At heart a fable, The Natural focused on the high drama that unfolds when Hobbs makes a comeback years later wielding a magical bat. It was an instant classic and is still rightfully regarded as one of the best books ever written about baseball. (As a sports-mad college English major, I was thrilled to see it on a syllabus.)
Back in real life, Waitkus had another solid year in 1952, the year Malamud’s book came out, compiling a .371 on-base percentage as an everyday player. But the Phillies wanted more power out of first base — Waitkus never hit more than two home runs in a season for them — and in 1953 they traded for another first baseman, relegating Waitkus to a backup role. He reluctantly signed a 1954 contract that included a significant paycut. It was clear his time with the Phillies was about over.
They sold him to the Orioles shortly before the 1954 season began. Arthur Ehlers, the Orioles’ first GM, gave the Phillies $40,000 for him.
The Orioles were in their first season in Baltimore, having just moved from St. Louis. They were a last-place club in need of quality players. Waitkus batted second and played first base in the Orioles’ first-ever game, a 3-0 loss to the Tigers in Detroit. He drew a walk and scored a run in another loss the next day.
In the Orioles’ first game at Memorial Stadium, Waitkus went 3-for-4 and scored a run in a 3-1 victory over the White Sox.
At age 34, Waitkus was happy about getting to play more again. As noted in a Society of American Baseball Research profile of Waitkus, he wound up splitting time at first with Dick Kryhoski but ended the season with solid numbers — a .283 batting average, a .341 on-base percentage, and most impressively, a perfect fielding percentage. He didn’t commit a single error all season.
Paul Richards arrived in Baltimore after the 1954 season with a mandate to rebuild the club. Waitkus began the year on the injured list with back spasms — apparently related to the surgery that had saved his life years earlier — and was released in July. (He re-signed with the Phillies. It was his last year in the major leagues.)
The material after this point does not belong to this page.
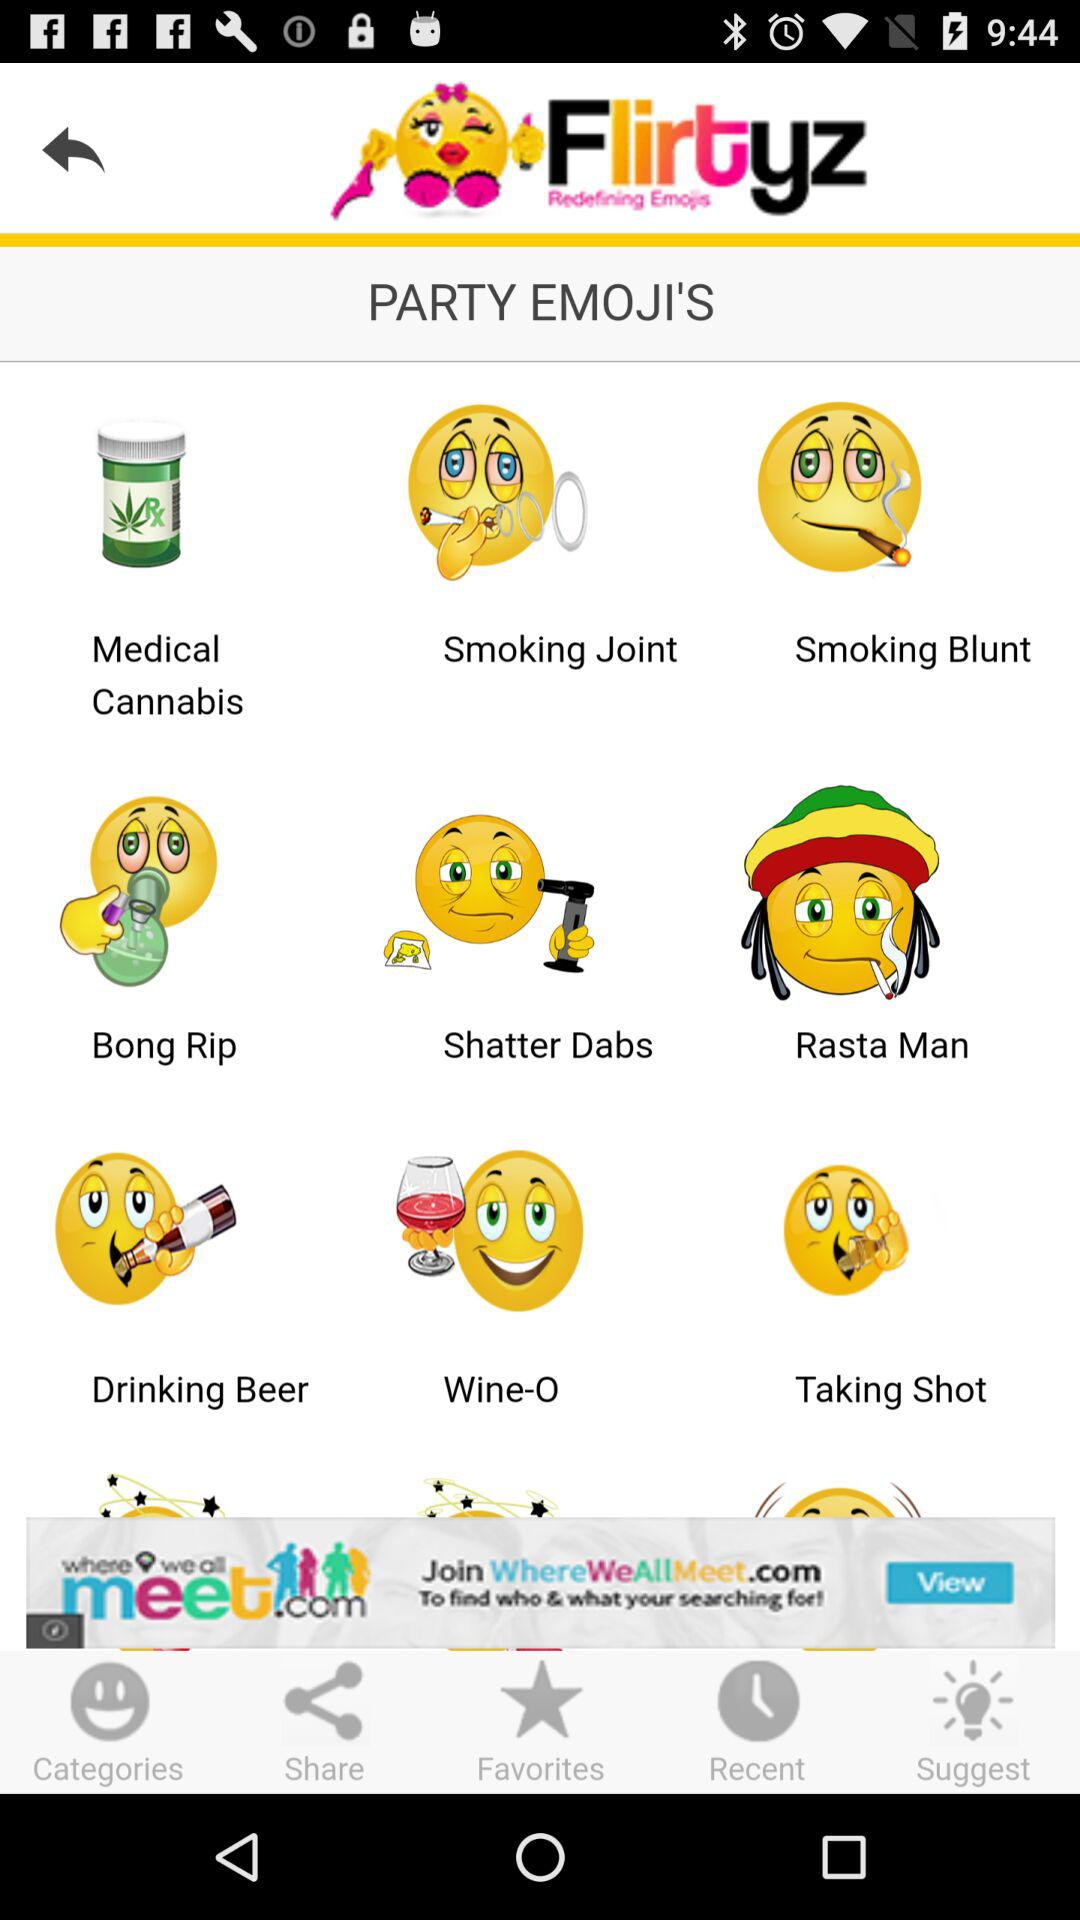What is the name of the application? The name of the application is "Flirtyz". 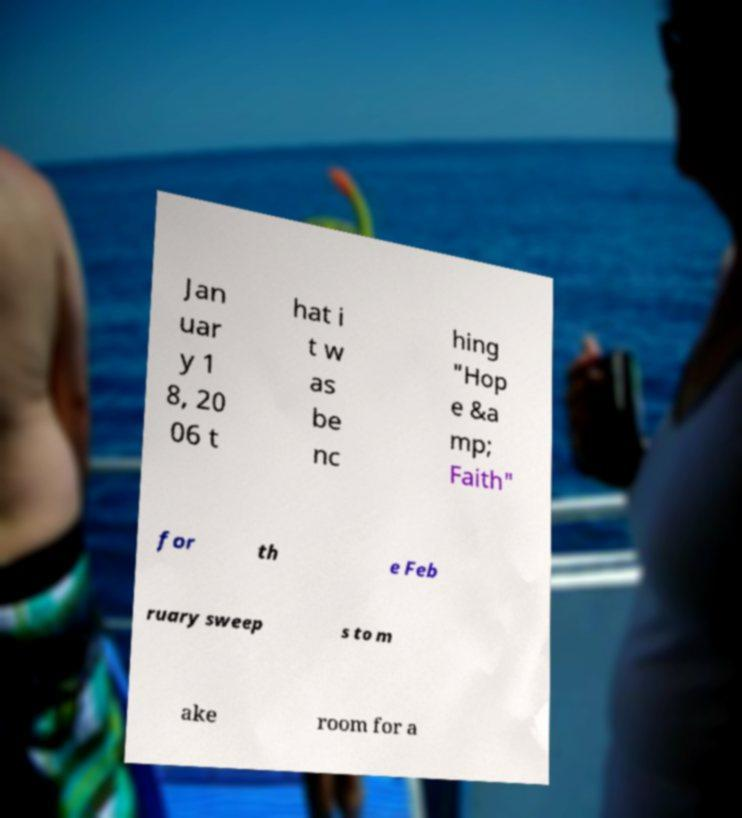Can you accurately transcribe the text from the provided image for me? Jan uar y 1 8, 20 06 t hat i t w as be nc hing "Hop e &a mp; Faith" for th e Feb ruary sweep s to m ake room for a

Sadly, his life spiraled in the wrong direction after baseball. Haunted by his combat experience and the hotel shooting, he drank heavily and battled depression. A hip fracture led to him using a cane. He contracted pneumonia and went to a hospital, where it was discovered he had esophageal cancer. He died in 1972 at age 53.
Twelve years later, a film version of The Natural was released, directed by Barry Levinson — a Baltimore native who had a small ownership stake in the Orioles at one point — and starring Redford. Though pointedly different from Malamud’s book — Hobbs is a hero in the movie, but not in the book — the movie immortalized the Waitkus-like true story of a player getting shot by a mysterious woman in a Chicago hotel room.
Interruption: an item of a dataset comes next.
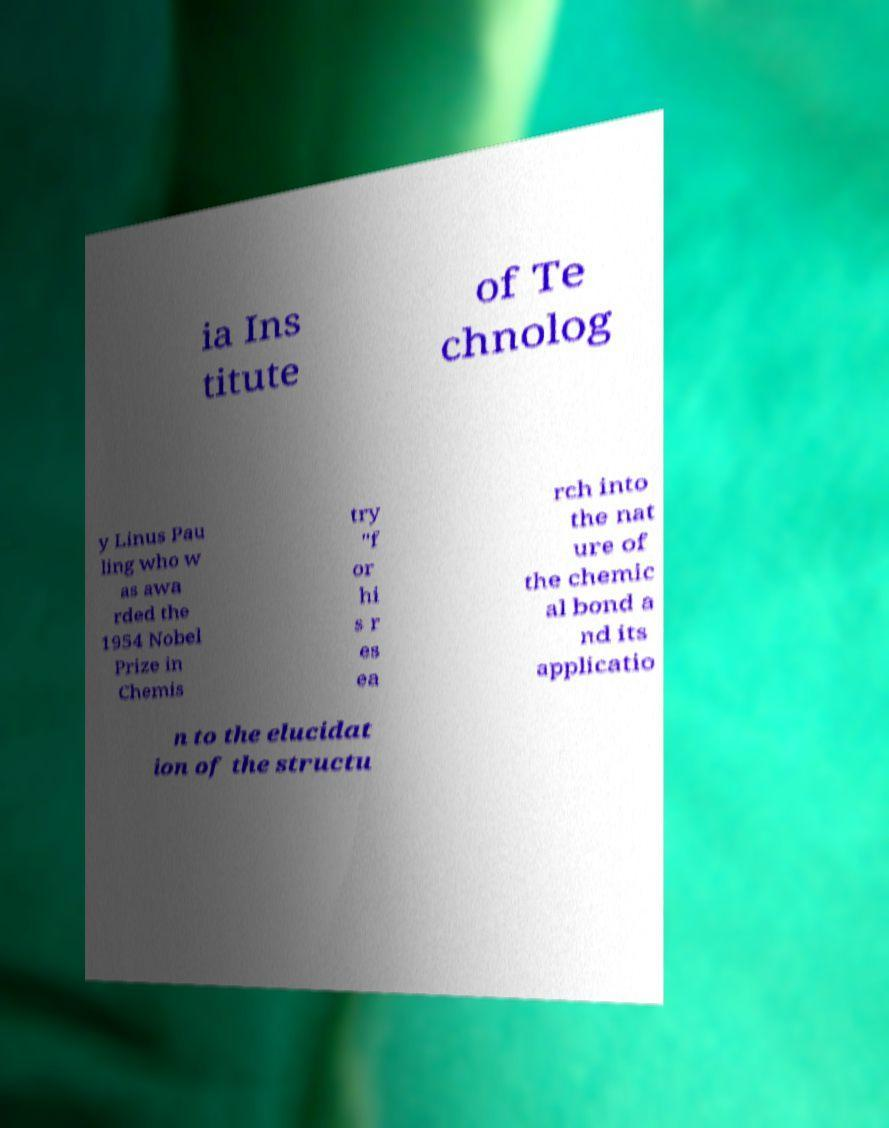I need the written content from this picture converted into text. Can you do that? ia Ins titute of Te chnolog y Linus Pau ling who w as awa rded the 1954 Nobel Prize in Chemis try "f or hi s r es ea rch into the nat ure of the chemic al bond a nd its applicatio n to the elucidat ion of the structu 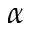Convert formula to latex. <formula><loc_0><loc_0><loc_500><loc_500>\alpha</formula>

For Redford, the movie was a chance to live out a dream. He grew up loving baseball, and according to his New York Times obituary, he played it well enough to earn a scholarship to the University of Colorado. His favorite player reportedly was Ted Williams because, like Williams, he batted left-handed. His life went in a different direction, of course; he’d already appeared in a series of huge movie hits when he portrayed Hobbs/Waitkus on-screen. But the role gave him a chance to use that left-handed swing he’d favored as a younger man. He was 47 when the movie came out but sufficiently in shape and adept at baseball to pull off being much younger.
That he died recently on the same day as Waitkus is almost enough to make one look skyward in search of a sign of that elusive baseball god.